Читала я много, очень любила Лидию Чарскую, потому что в ее книгах все было не так, как у меня, а мне хотелось тоже чего-то необыкновенного, и я становилась все тише и мечтательнее. Внешне — с папиным послушным, кротким характером, а внутренне — с мамиными мечтами, с ненавистью к своей, такой незаметной, серой жизни.
Первый раз я попала в театр — по-моему, в Театр имени Станиславского и Немировича-Данченко — днем, на «Царскую невесту», и была, конечно, покорена, унеслась мечтами в сказочный мир. Сраженная музыкой, красотой, волшебством, самим театром, придя домой, я села под стол, подняла, как в шатре, скатерть и запела нечто похожее на оперу. И с тех пор, как только я оставалась одна, а это было почти каждый день, я наряжалась в какие-то диковинные самодельные костюмы, украшала голову то бумажными коронами, то шляпами и пела какие-то вымышленные арии, потому что, конечно, запомнить музыку с первого раза я не могла, а петь о чем-то красивом хотелось.
В двенадцать лет я уже готовила обед для всей нашей семьи. Меню обычное: щи, картошка и капуста или винегрет. И всегда, когда я чистила картошку, пела свои арии, с неизменной шляпой на голове. Жили мы на первом этаже, и с улицы меня хорошо было видно. Так во дворе я получила прозвище «Шаляпин». О том, что был такой великий певец, я не знала и думала, что дразнят меня Шаляпиным из-за шляпы. Но в ней я казалась себе красивее, поэтому упорно ее не снимала. В нашем дворе стоял семиэтажный дом (он и сейчас еще цел), его третий этаж украшала скульптура рыцаря, а парадный вход в то время был расписан какими-то картинами из эпохи Средневековья. Мраморные лестницы вели наверх. Вот именно там, где были эти почерневшие картины и лестницы, мы устроили свой дворовый театр, который я назвала для себя «Театром волшебной сказки». Там мы ставили свои сочиненные по сказкам спектакли. Мне приходилось играть мужские роли, так как мальчиков у нас не было, а все девочки хотели быть принцессами и обязательно красивыми. Костюмы мастерили из всего, что удавалось стащить из дому. Родители у всех работали, бабушек почти ни у кого не было — мы были предоставлены сами себе и делали что хотели.
В школе я училась хорошо, но, пожалуй, старалась только для того, чтобы на меня не обращали внимания и оставили бы в покое — не вызывали родителей, не ругали… В школе я выполняла минимум требований, а вся моя настоящая жизнь сосредоточилась на книгах, нашем театре и на несбыточных, странных мечтах.
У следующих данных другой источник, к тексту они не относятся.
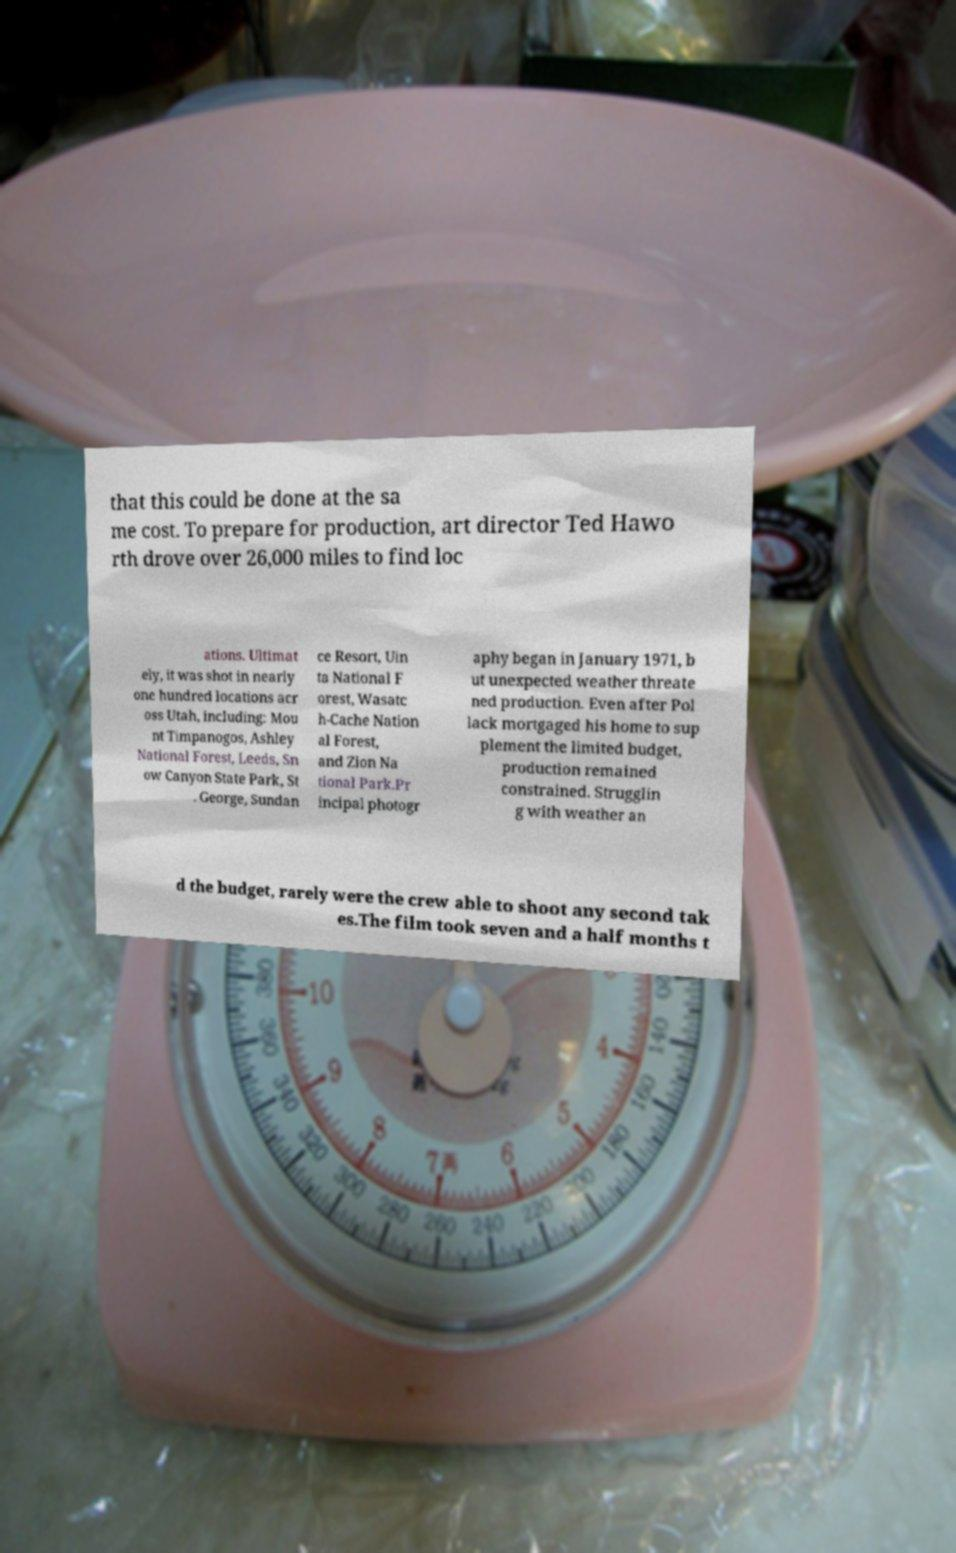For documentation purposes, I need the text within this image transcribed. Could you provide that? that this could be done at the sa me cost. To prepare for production, art director Ted Hawo rth drove over 26,000 miles to find loc ations. Ultimat ely, it was shot in nearly one hundred locations acr oss Utah, including: Mou nt Timpanogos, Ashley National Forest, Leeds, Sn ow Canyon State Park, St . George, Sundan ce Resort, Uin ta National F orest, Wasatc h-Cache Nation al Forest, and Zion Na tional Park.Pr incipal photogr aphy began in January 1971, b ut unexpected weather threate ned production. Even after Pol lack mortgaged his home to sup plement the limited budget, production remained constrained. Strugglin g with weather an d the budget, rarely were the crew able to shoot any second tak es.The film took seven and a half months t 
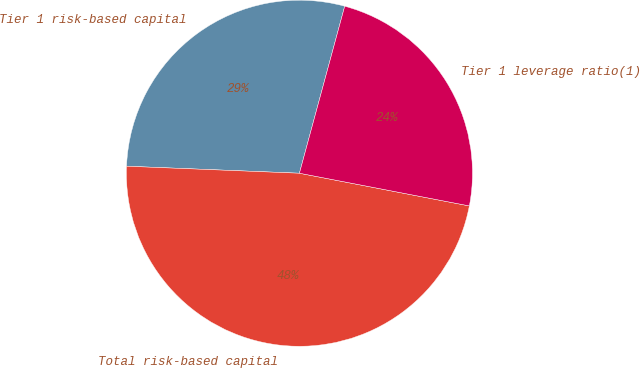<chart> <loc_0><loc_0><loc_500><loc_500><pie_chart><fcel>Tier 1 risk-based capital<fcel>Total risk-based capital<fcel>Tier 1 leverage ratio(1)<nl><fcel>28.57%<fcel>47.62%<fcel>23.81%<nl></chart> 
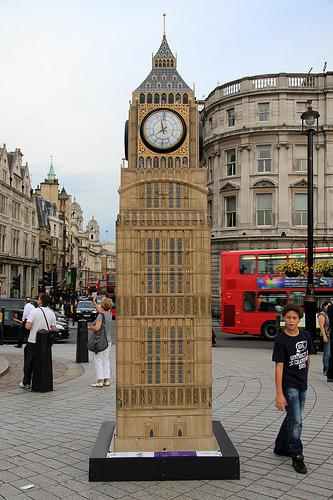Question: what color is the boy's shirt?
Choices:
A. White.
B. Gray.
C. Black.
D. Red.
Answer with the letter. Answer: C Question: what is in the background?
Choices:
A. Trees.
B. Mountains.
C. Buildings.
D. Sunset.
Answer with the letter. Answer: C Question: what is on the statue?
Choices:
A. A bird.
B. A clock.
C. Bird poop.
D. Water.
Answer with the letter. Answer: B Question: who is near the statue?
Choices:
A. A boy.
B. A girl.
C. A man.
D. A woman.
Answer with the letter. Answer: A Question: why is there a statue?
Choices:
A. Decoration.
B. To commemorate someone.
C. For display.
D. A vain person wanted a statue of themselves.
Answer with the letter. Answer: C Question: where is the clock?
Choices:
A. Middle of the statue.
B. East side of the statue.
C. Near the top of the statue.
D. West side of the statue.
Answer with the letter. Answer: C 
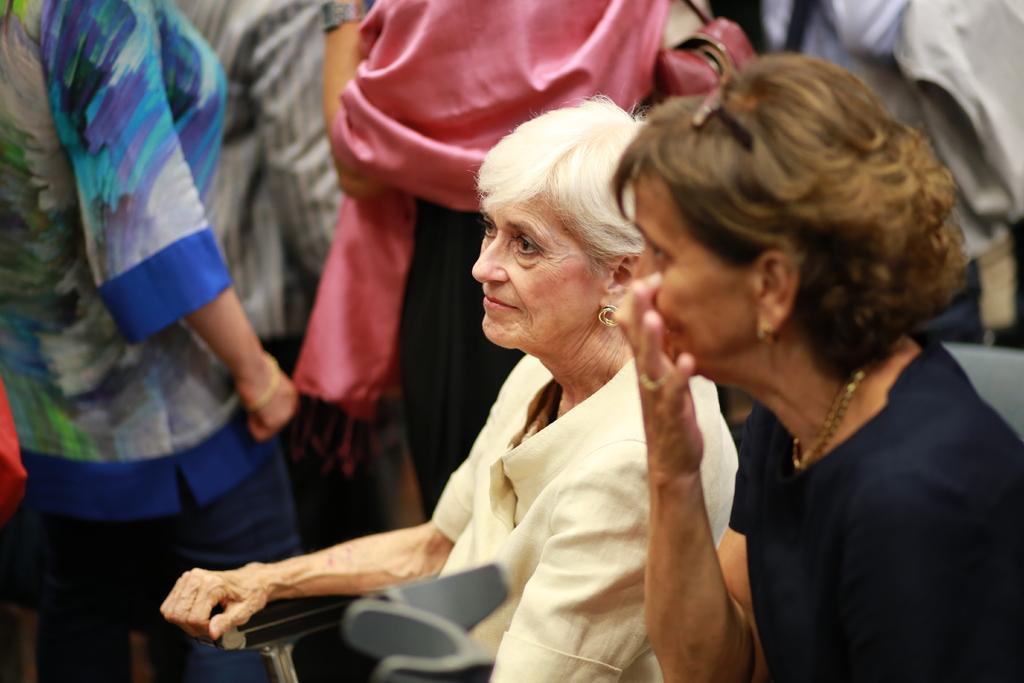How would you summarize this image in a sentence or two? In this image we can see few people, some of them are standing and two of them are sitting on the chairs. 
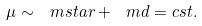<formula> <loc_0><loc_0><loc_500><loc_500>\mu \sim \ m s t a r + \ m d = c s t .</formula> 
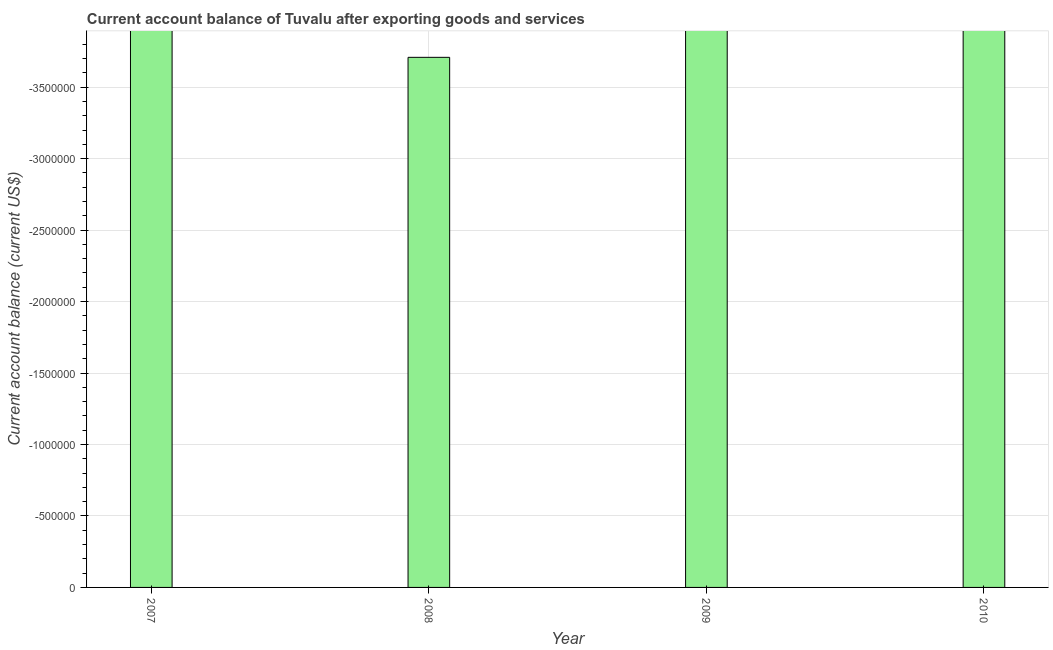Does the graph contain any zero values?
Keep it short and to the point. Yes. Does the graph contain grids?
Ensure brevity in your answer.  Yes. What is the title of the graph?
Provide a succinct answer. Current account balance of Tuvalu after exporting goods and services. What is the label or title of the Y-axis?
Provide a succinct answer. Current account balance (current US$). What is the sum of the current account balance?
Make the answer very short. 0. What is the median current account balance?
Give a very brief answer. 0. In how many years, is the current account balance greater than -200000 US$?
Ensure brevity in your answer.  0. How many bars are there?
Keep it short and to the point. 0. How many years are there in the graph?
Ensure brevity in your answer.  4. What is the difference between two consecutive major ticks on the Y-axis?
Your answer should be compact. 5.00e+05. What is the Current account balance (current US$) in 2007?
Provide a succinct answer. 0. 
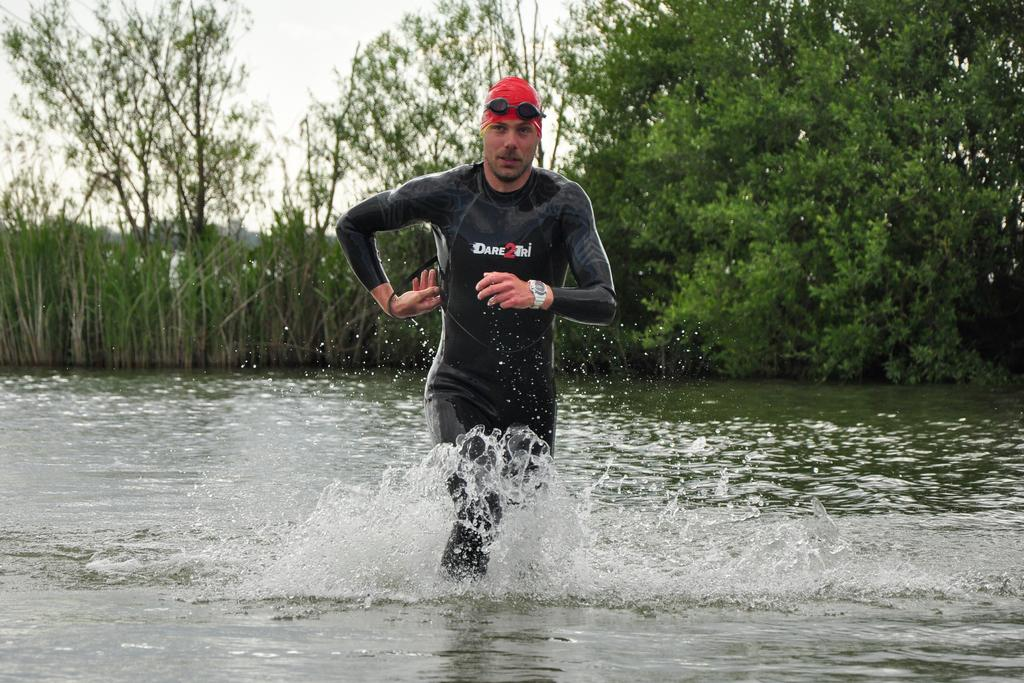Who is present in the image? There is a man in the image. What is the man doing in the image? The man is walking in the water. What can be seen in the background of the image? There is grass, trees, and the sky visible in the background of the image. What type of toothbrush is the man using to play the game in the image? There is no toothbrush or game present in the image; the man is simply walking in the water. 
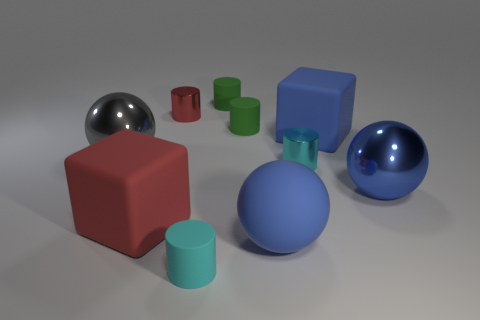What is the material of the other sphere that is the same color as the large matte sphere?
Provide a succinct answer. Metal. What number of big matte blocks have the same color as the matte ball?
Make the answer very short. 1. Is there another rubber object of the same shape as the tiny cyan matte thing?
Make the answer very short. Yes. Does the big matte object that is behind the red cube have the same color as the large metal object that is in front of the cyan metallic thing?
Your response must be concise. Yes. Are there any big blue objects in front of the small cyan shiny thing?
Provide a short and direct response. Yes. There is a big sphere that is right of the big red block and to the left of the big blue block; what material is it?
Offer a terse response. Rubber. Does the large cube that is behind the red cube have the same material as the red cube?
Your response must be concise. Yes. What is the blue cube made of?
Provide a short and direct response. Rubber. How big is the metallic cylinder to the left of the large blue matte sphere?
Your response must be concise. Small. There is a big rubber block that is in front of the shiny sphere that is on the right side of the small cyan matte thing; are there any small objects that are in front of it?
Your answer should be compact. Yes. 
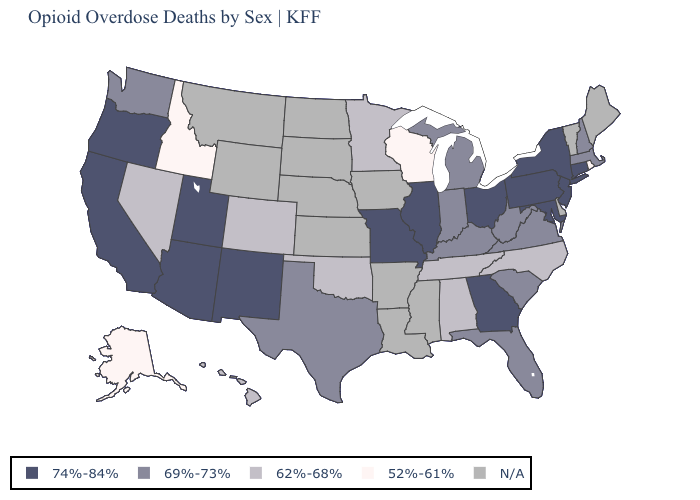What is the lowest value in the South?
Write a very short answer. 62%-68%. What is the value of North Dakota?
Write a very short answer. N/A. Among the states that border Vermont , which have the lowest value?
Answer briefly. Massachusetts, New Hampshire. What is the value of Georgia?
Give a very brief answer. 74%-84%. What is the lowest value in the USA?
Keep it brief. 52%-61%. What is the value of New Mexico?
Write a very short answer. 74%-84%. Among the states that border Vermont , does New York have the lowest value?
Answer briefly. No. Name the states that have a value in the range 52%-61%?
Be succinct. Alaska, Idaho, Rhode Island, Wisconsin. Name the states that have a value in the range 74%-84%?
Quick response, please. Arizona, California, Connecticut, Georgia, Illinois, Maryland, Missouri, New Jersey, New Mexico, New York, Ohio, Oregon, Pennsylvania, Utah. Is the legend a continuous bar?
Be succinct. No. Name the states that have a value in the range 52%-61%?
Write a very short answer. Alaska, Idaho, Rhode Island, Wisconsin. How many symbols are there in the legend?
Write a very short answer. 5. 
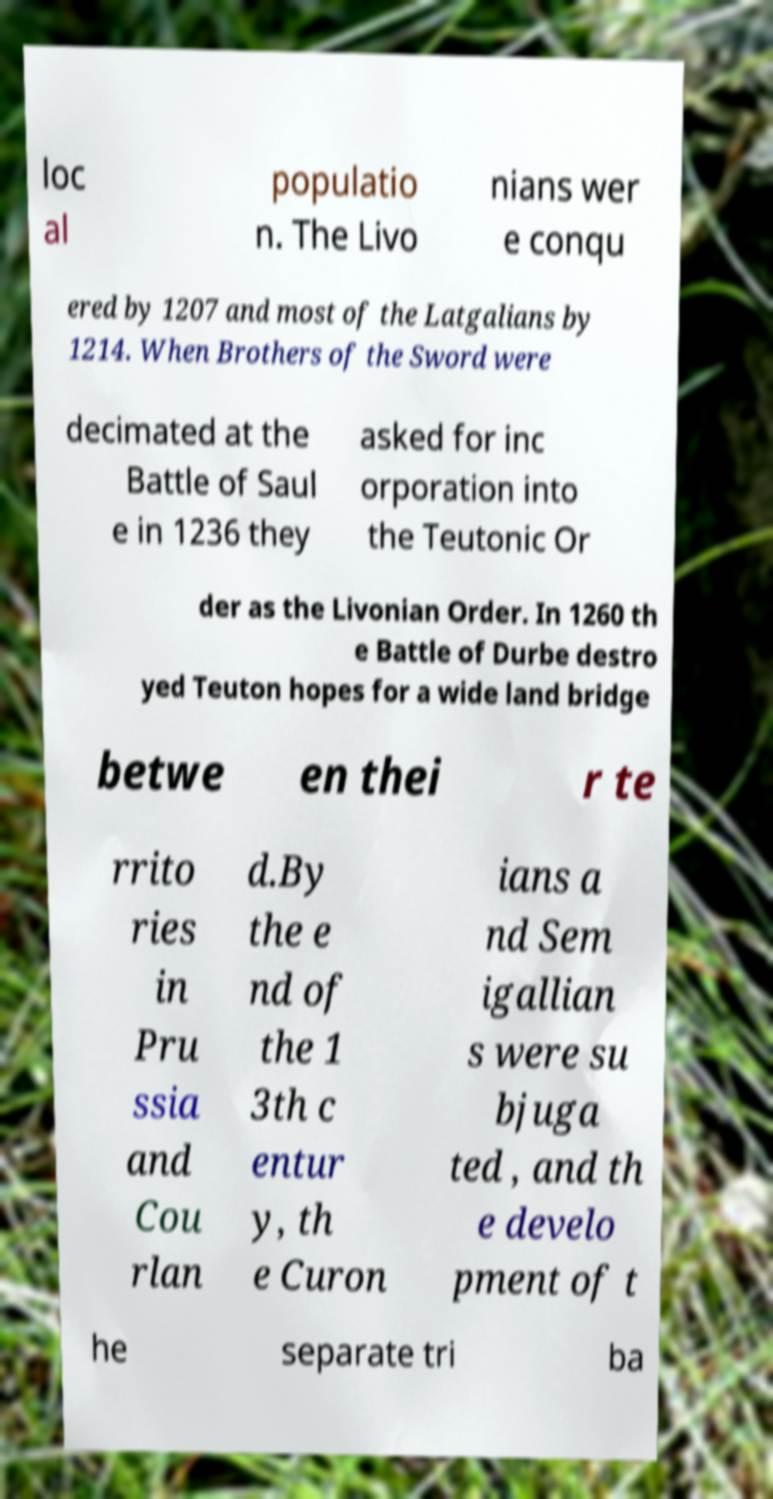Please identify and transcribe the text found in this image. loc al populatio n. The Livo nians wer e conqu ered by 1207 and most of the Latgalians by 1214. When Brothers of the Sword were decimated at the Battle of Saul e in 1236 they asked for inc orporation into the Teutonic Or der as the Livonian Order. In 1260 th e Battle of Durbe destro yed Teuton hopes for a wide land bridge betwe en thei r te rrito ries in Pru ssia and Cou rlan d.By the e nd of the 1 3th c entur y, th e Curon ians a nd Sem igallian s were su bjuga ted , and th e develo pment of t he separate tri ba 
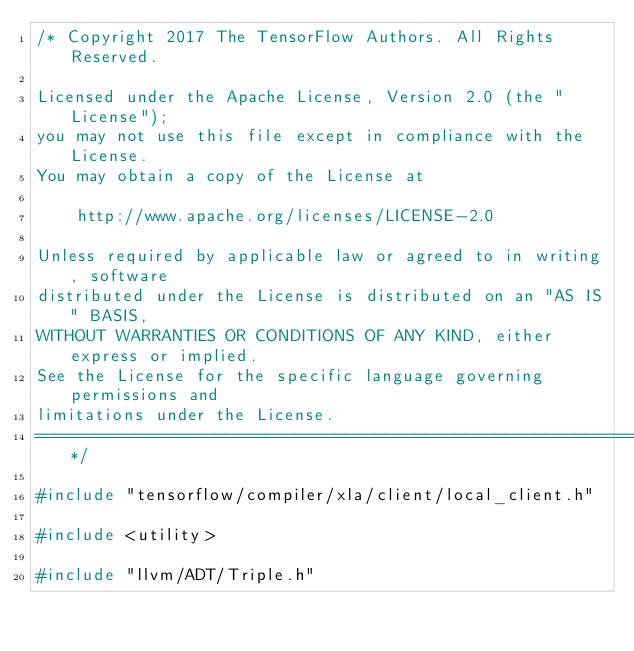Convert code to text. <code><loc_0><loc_0><loc_500><loc_500><_C++_>/* Copyright 2017 The TensorFlow Authors. All Rights Reserved.

Licensed under the Apache License, Version 2.0 (the "License");
you may not use this file except in compliance with the License.
You may obtain a copy of the License at

    http://www.apache.org/licenses/LICENSE-2.0

Unless required by applicable law or agreed to in writing, software
distributed under the License is distributed on an "AS IS" BASIS,
WITHOUT WARRANTIES OR CONDITIONS OF ANY KIND, either express or implied.
See the License for the specific language governing permissions and
limitations under the License.
==============================================================================*/

#include "tensorflow/compiler/xla/client/local_client.h"

#include <utility>

#include "llvm/ADT/Triple.h"</code>

Перечитав маленькой девочкой почти все имевшиеся тогда в театральной библиотеке мемуары великих артистов, я стала рисовать себя во всех желанных ролях, и долго в моем школьном портфеле, который хранился у моей сестры Антонины, лежали два рисунка с надписями: «Я в роли Маргариты Готье в день моего славного 25-летия сценической деятельности» и «Я в роли Клеопатры в день моего славного 50-летия».
Я буквально пропадала в театральной библиотеке, перечитала все журналы «Рампа и жизнь», «Театр и искусство», знала всех актеров и антрепренеров по именам и фамилиям, разыскивала старые газетные рецензии, театральные фельетоны и прочее в том же духе. И когда я, будучи юной артисткой Театра сатиры, разговорилась с Владимиром Яковлевичем Хенкиным, он был поражен моими познаниями, так как тех людей, о которых я читала, он знал лично, но все это было до революции, а я пришла в театр в 1948 году, уже после Великой Отечественной войны.
В далекие предвоенные годы я подружилась с Катей Розовской, в замужестве Дыховичной, и вот уже семьдесят лет она является моей лучшей, любимой подругой. Мы вместе играли в куклы, вместе мечтали о сцене. Я стала артисткой, она — театроведом. Теперь у нее уже внук, у меня — только Театр. Только рожденные мною роли. Но это не так уж мало.
Семья Кати — интеллигентная еврейская семья — была еще менее благополучна, чем наша. Отец ее был репрессирован в 1933 году. Катя с мамой чудом уцелели. Мама оставляла ей еду на целый день, а сама уходила на работу. Катя по доброте душевной делилась всем со мной. В те годы я была на вид здоровущая, краснощекая девчонка, а Катя — худенькая, хрупкая, с огромными черными прекрасными глазами. Она меня угощала бутербродами, я все съедала, а потом ее мама, видя произведенные нами опустошения, частенько говорила: «Опять этот Стенька Разин все съел». Стенькой Разиным была я. Обретя подружку, так же любящую театр, я вступила в интереснейшую полосу жизни. Мы только и знали что бегали в театр, в театральную библиотеку и всё мечтали, как будем артистками.